E disseram: — Porque não te apresentas no templo do Bezerro? Por acaso te
falta oiro para a oferta? Que tens tu de comum com a ralé das docas? Não estás
por acaso vestido de púrpura e de linho como um rei? Porque desafias o poder
de Zukarta? Serás um traidor? No culto do Bezerro está a prosperidade e a
grandeza de Kalash. Estarás vendido aos nossos inimigos? Gaspar respondeu: — Não posso adorar o poder dos ídolos. O meu deus é outro e
creio no seu advento, que a Terra e o Céu me anunciam. Ouvindo esta resposta, os chefes das tribos e os homens bons
de Kalash disseram: — Separamo-nos de ti porque te separaste de nós e renegaste os
nossos caminhos. Não terás mais parte nas nossas assembleias. Nem serás mais
ouvido nos nossos conselhos, nem partilharás dos nossos festejos e banquetes.

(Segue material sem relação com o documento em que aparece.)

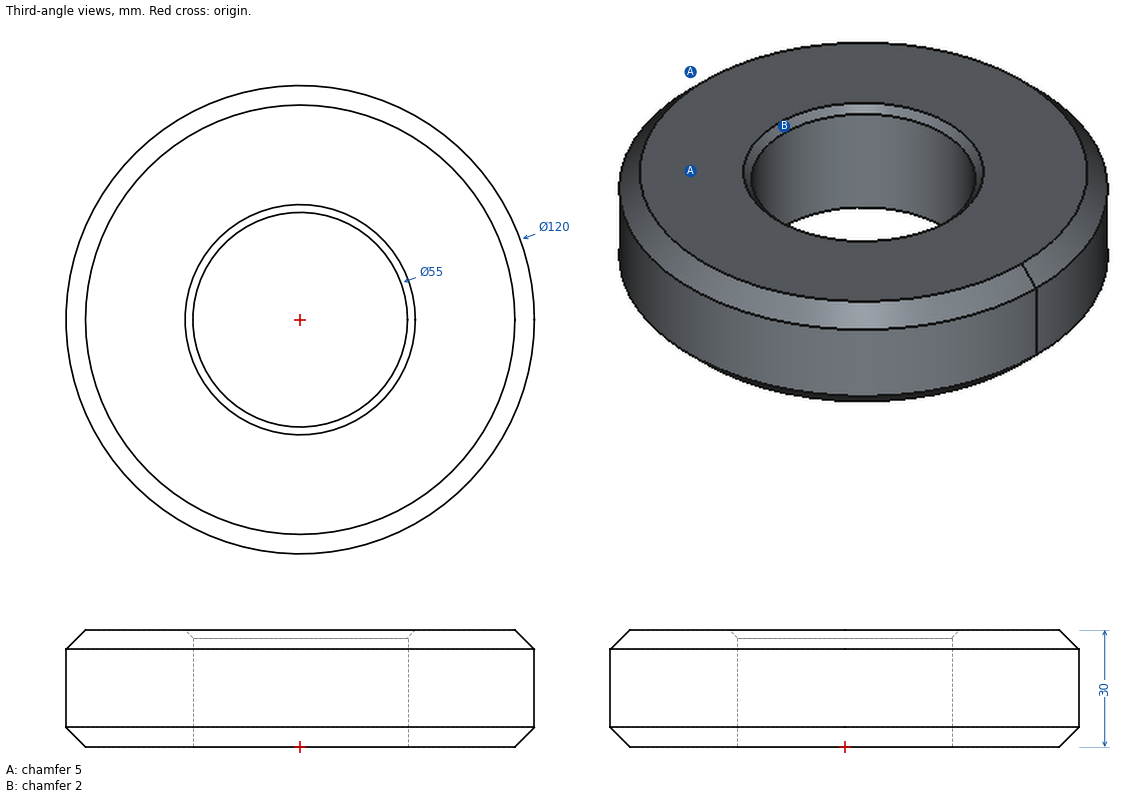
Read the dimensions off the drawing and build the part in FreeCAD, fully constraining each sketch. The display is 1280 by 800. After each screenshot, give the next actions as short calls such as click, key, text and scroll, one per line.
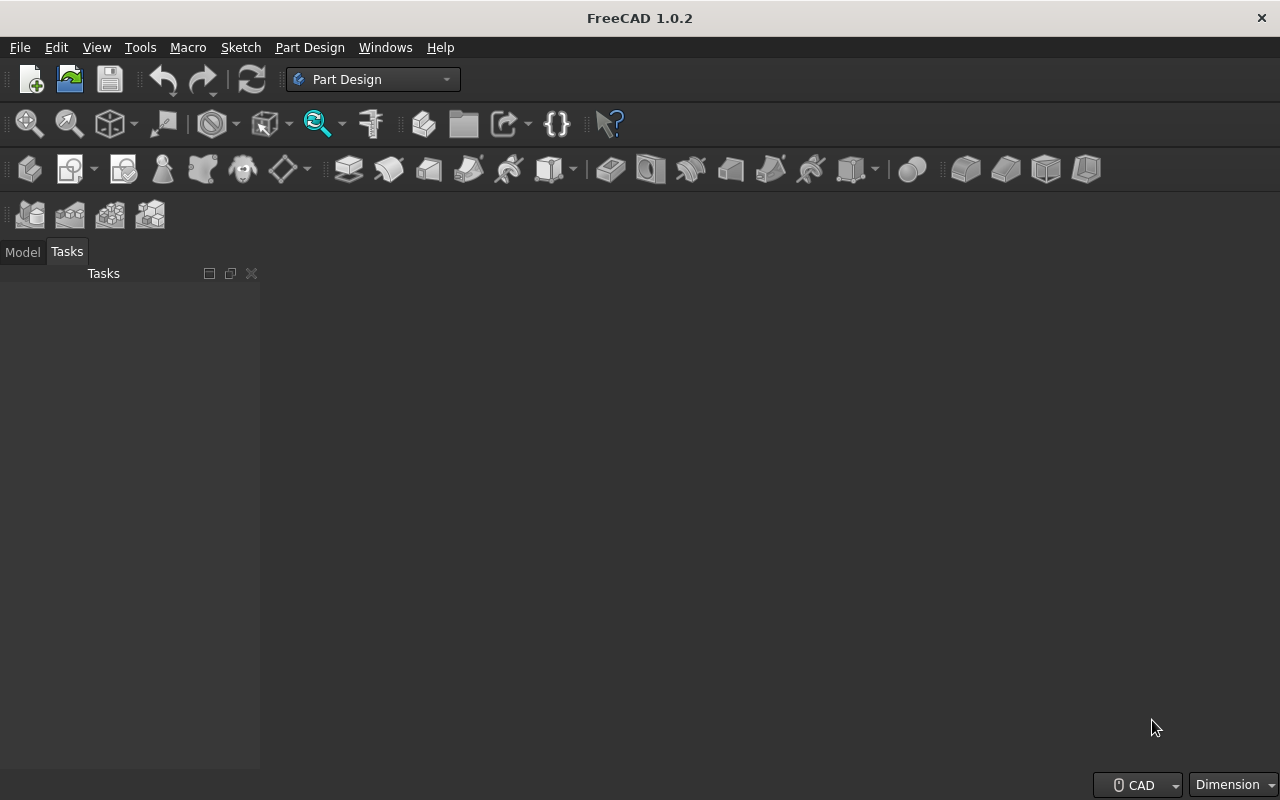
click(30, 80)

E também não terás lugar na nossa força. Os soldados não protegerão a tua
casa nem as tuas caravanas. E serás presa fácil dos bandidos. Não receberás a
protecção das nossas leis, e os nossos juízes julgarão em sentença contra ti,
e a tua razão será como um punhado de cinza. Como a gente da ralé, não terás
nem protecção nem defesa enquanto não te curvares perante o altar do Bezerro
para adorar os ídolos que nós adoramos. E Gaspar respondeu: — O meu deus é em mim como uma fonte que não pára de correr e
é em meu redor como o muro de uma fortaleza. Então os notáveis de Kalash sacudiram a poeira dos seus
sapatos e saíram do palácio. Depois desse dia, muitas calamidades se abateram sobre Gaspar.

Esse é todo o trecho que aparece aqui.